The objective of this project is to integrate quantitative thermal modeling tools into clinical hyperthermia to improve treatment planning, delivery, and evaluation. We focus particularly on the application and validation of these models, in combination with extensive thermometry and perfusion measurements, to prostate disease. This allows us to validate thermal models ina a consistent, reproducible, and relatively accessible anatomic site that can be well instrumented for temperature, perfusion and SAR. In the current grant period, efforts have been strongly technology oriented; the development and evaluation of thermal models and algorithms for predictive and reconstructive temperature field calculations. We developed the Basis Element Method (BEM), a rapid, tunable technique for temperature field calculations in the clinical setting. Initial experimental validation of the BEM thermal model in animal (pig) experiments and selected patient treatment sessions show that the BEM, with sparsely measured SAR and perfusion, is able to predict temperatures with RMS differences of 0.9 degree C. The renewal is clinically oriented; to transfer to the clinic and integrate into the patient treatment system these quantitative thermal modeling techniques. The BEM and associated reconstruction and visualization modules will be transferred to the DFCI, along with clinical refinements that include optimization for clinical use and customization for the specific anatomic sites of interest in the Program Project. Additional clinically driven refinements to the BEM include the real-time application of the thermal reconstruction algorithm for use in the control of treatment delivery. To support and enhance these models, we also provide the hyperthermia clinic with the necessary dense temperature and perfusion measurement capability. These modeling and analysis capabilities will be used to establish a rational basis for therapy planning and optimization based on individual patient geometric and anatomic data. Equally important, this will allow the evaluation of treatment efficacy by reconstruction of the treatment temperature field from data gathered at discrete measurement sites, calculation of volumetric thermal dose distributions over the entire tumor volume, and correlation with outcome. This will enable more effective and quantitative assessment of the therapeutic value of hyperthermia.
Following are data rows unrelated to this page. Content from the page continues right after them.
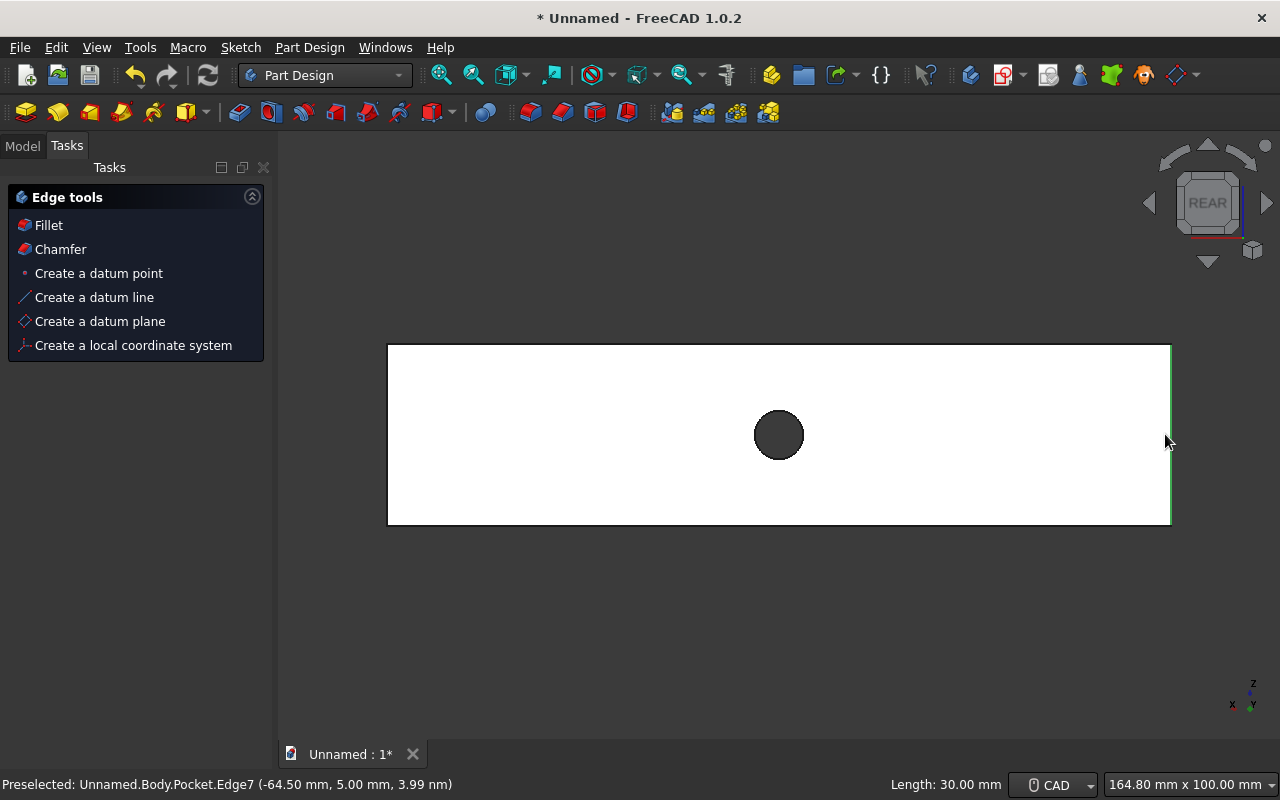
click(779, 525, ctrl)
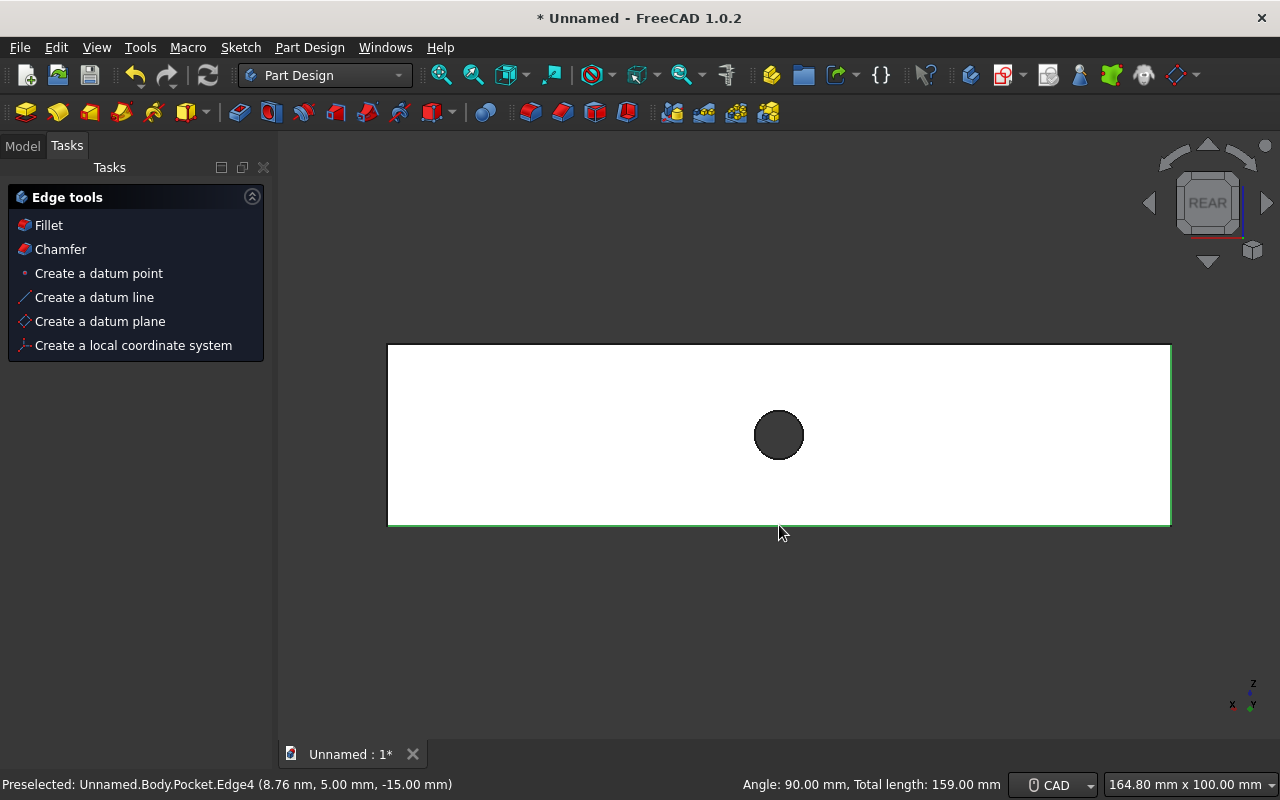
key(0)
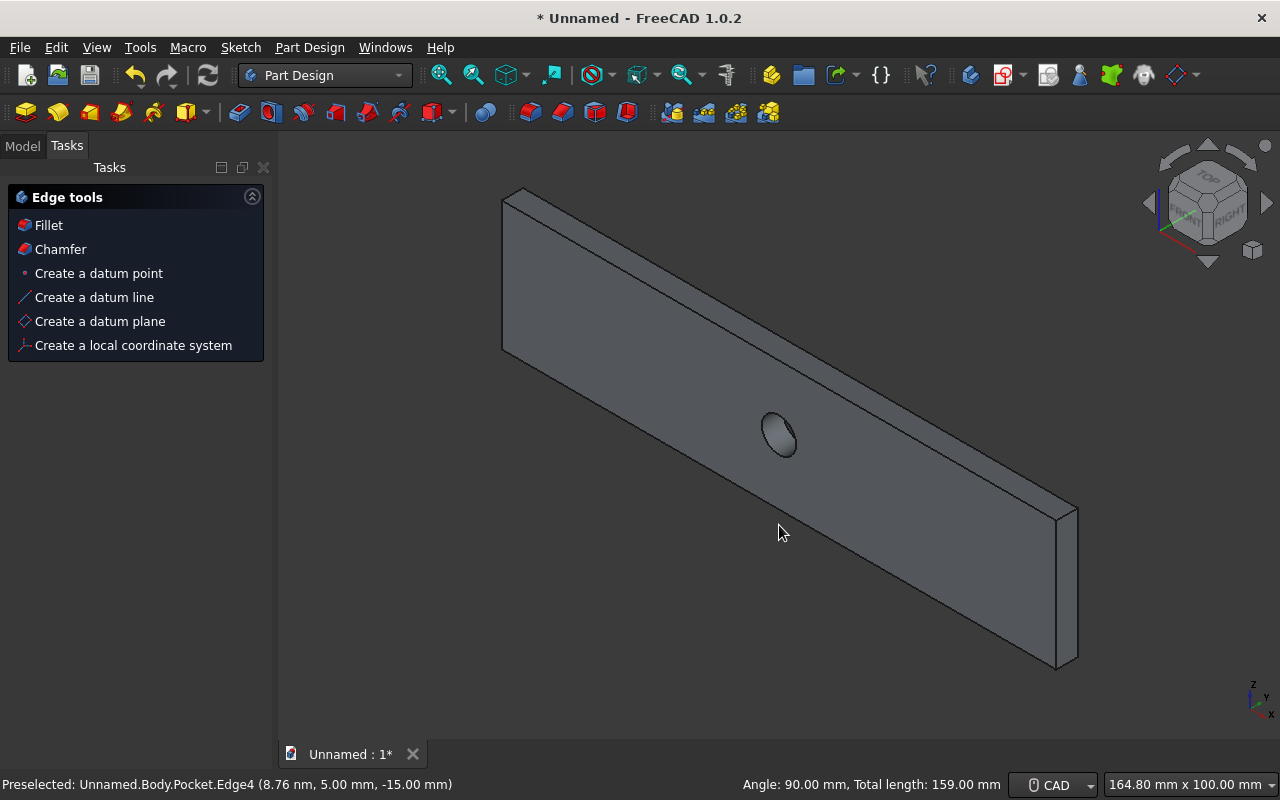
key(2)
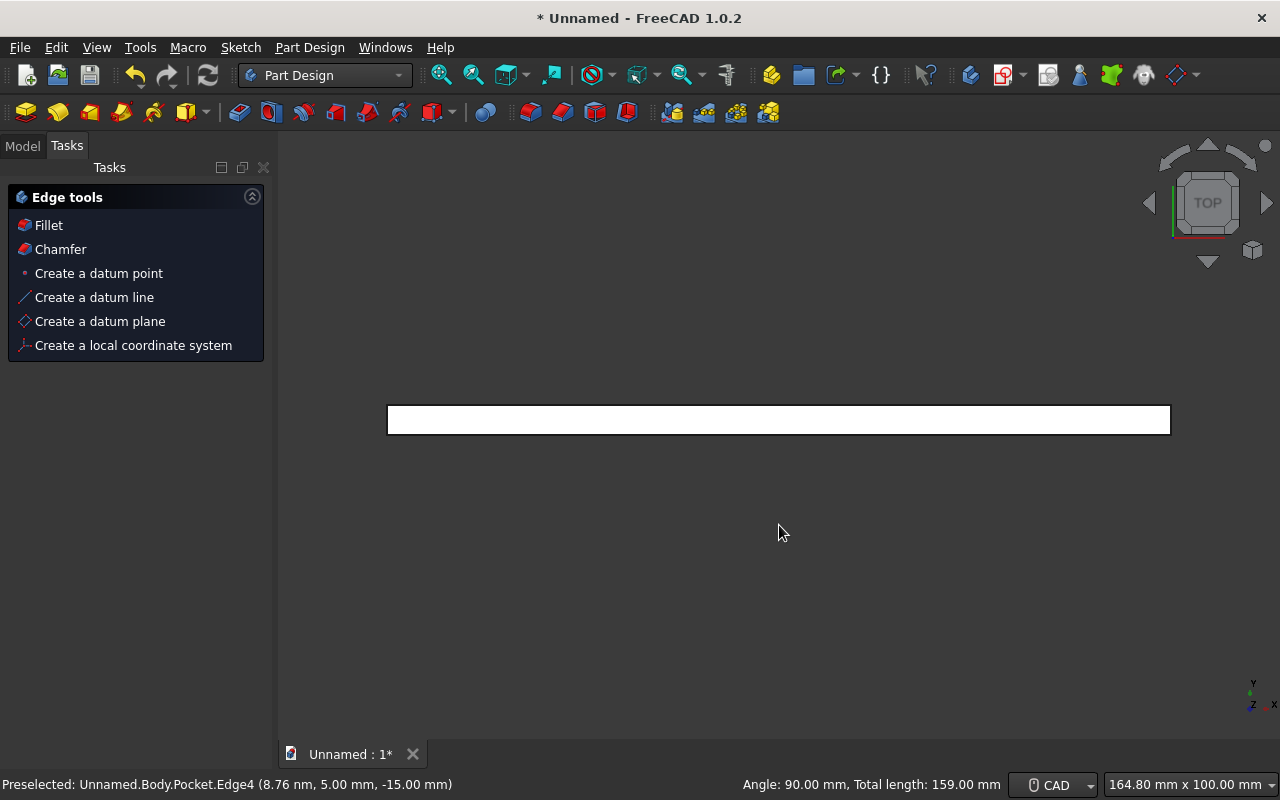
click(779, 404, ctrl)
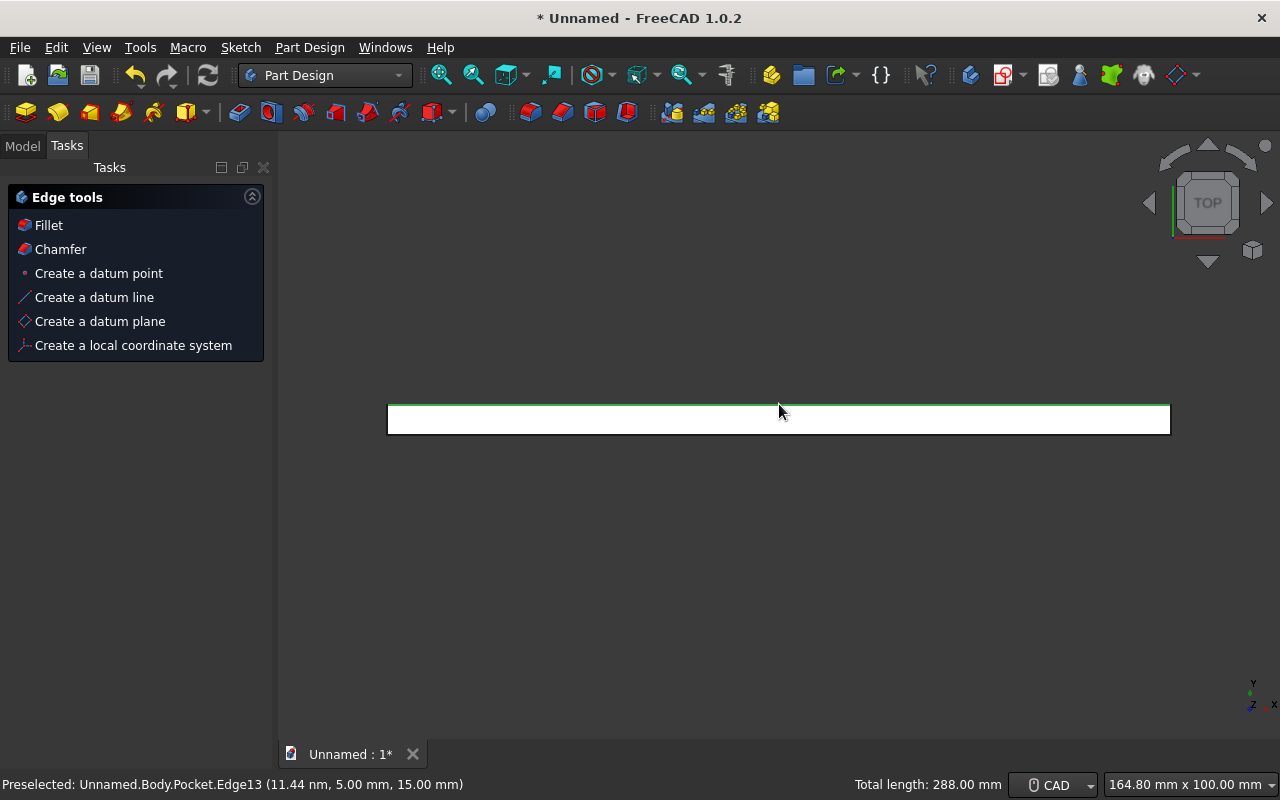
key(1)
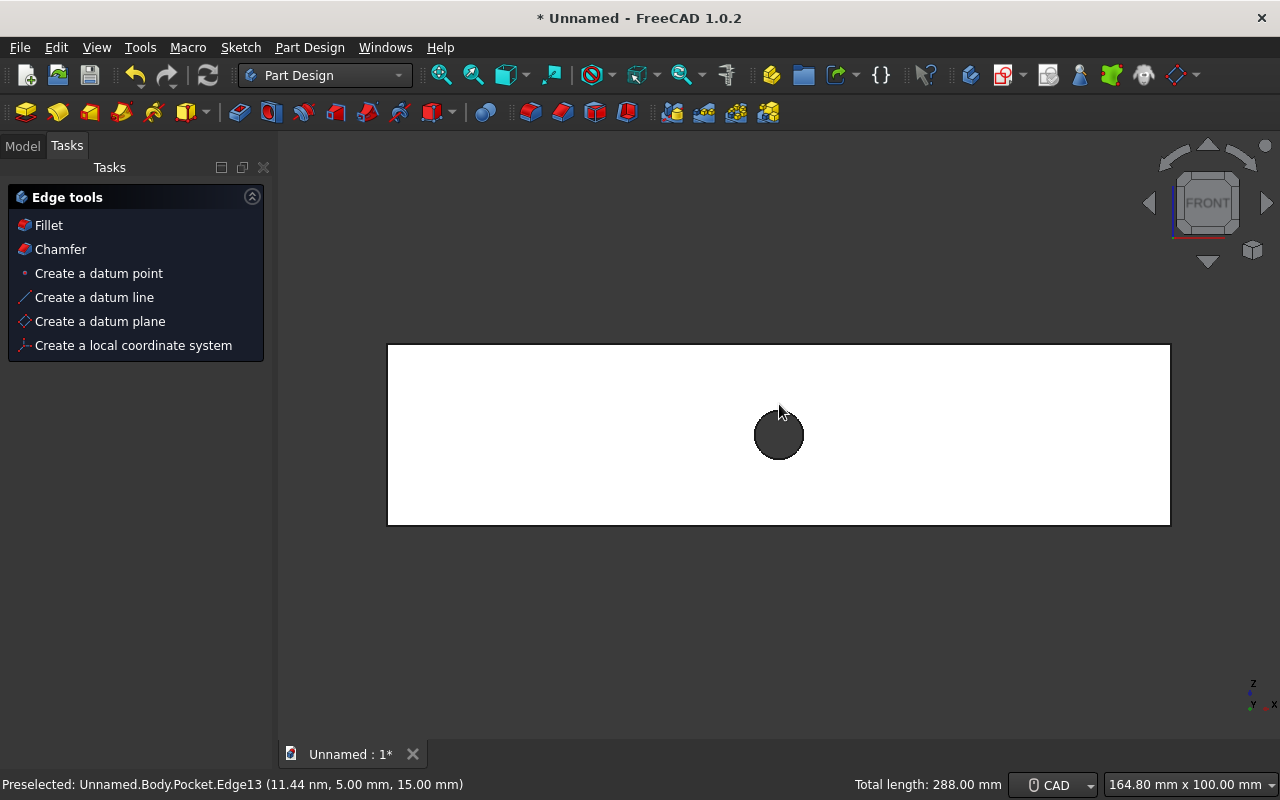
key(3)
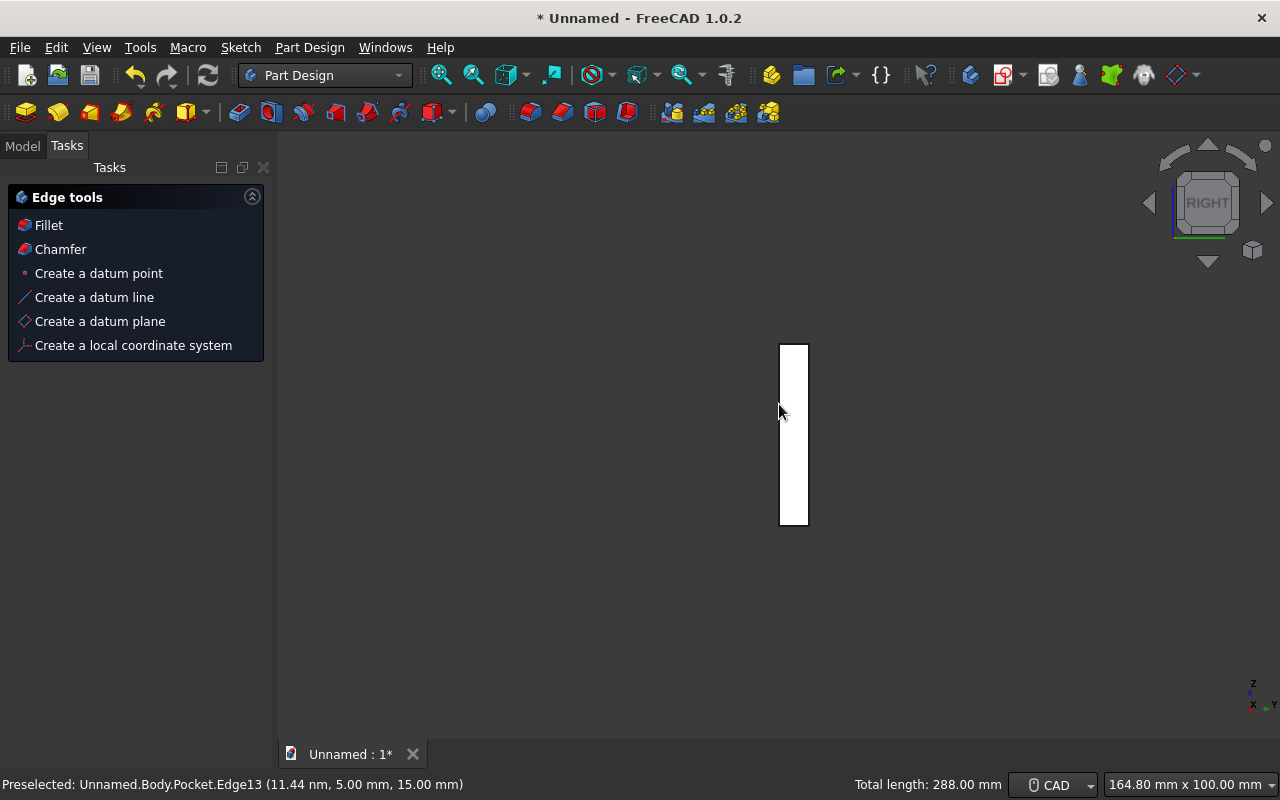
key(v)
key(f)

该项目的目标是集成定量热模型将工具融入临床热疗，以改进治疗计划、交付、和评估。我们特别关注的是应用和验证这些模型结合广泛的体温测量和灌流测量，到前列腺癌。这使我们能够验证热模型是一致的、可重现的、相对可访问的解剖结构可以很好地测量温度、灌注量和SAR的位置。在目前的赠款期间，努力在技术方面取得了很大进展面向；热学模型和算法的发展和评价用于预测和重建温度场计算。我们开发了基本单元法(BEM)，这是一种快速、可调的技术，用于临床环境下的温度场计算。首字母边界元热模型在动物(猪)体内的实验验证实验和选定的患者治疗阶段表明，BEM，与稀疏测量的SAR和血流灌注，能够预测温度均方根相差0.9摄氏度。更新是以临床为导向的；转到临床和将这些定量热能集成到患者治疗系统中建模技术。边界元及相关重建和可视化模块将与临床模块一起传输到DFCI 改进，包括针对临床使用和定制进行优化对于计划项目中感兴趣的特定解剖位置。其他临床驱动的边界元改进包括实时热重构算法在控制中的应用提供治疗的机会。为了支持和增强这些模型，我们还为热疗诊所提供必要的稠密温度和血流灌注测量能力。这些建模和分析功能将用于建立基于个体的治疗计划与优化的合理依据患者的几何和解剖数据。同样重要的是，这将允许重建法对治疗效果的评价来自在离散测量地点收集的数据的温度场，全肿瘤体积热剂量分布的计算体积，以及与结果的相关性。这将使更有效和量化评估热疗的治疗价值。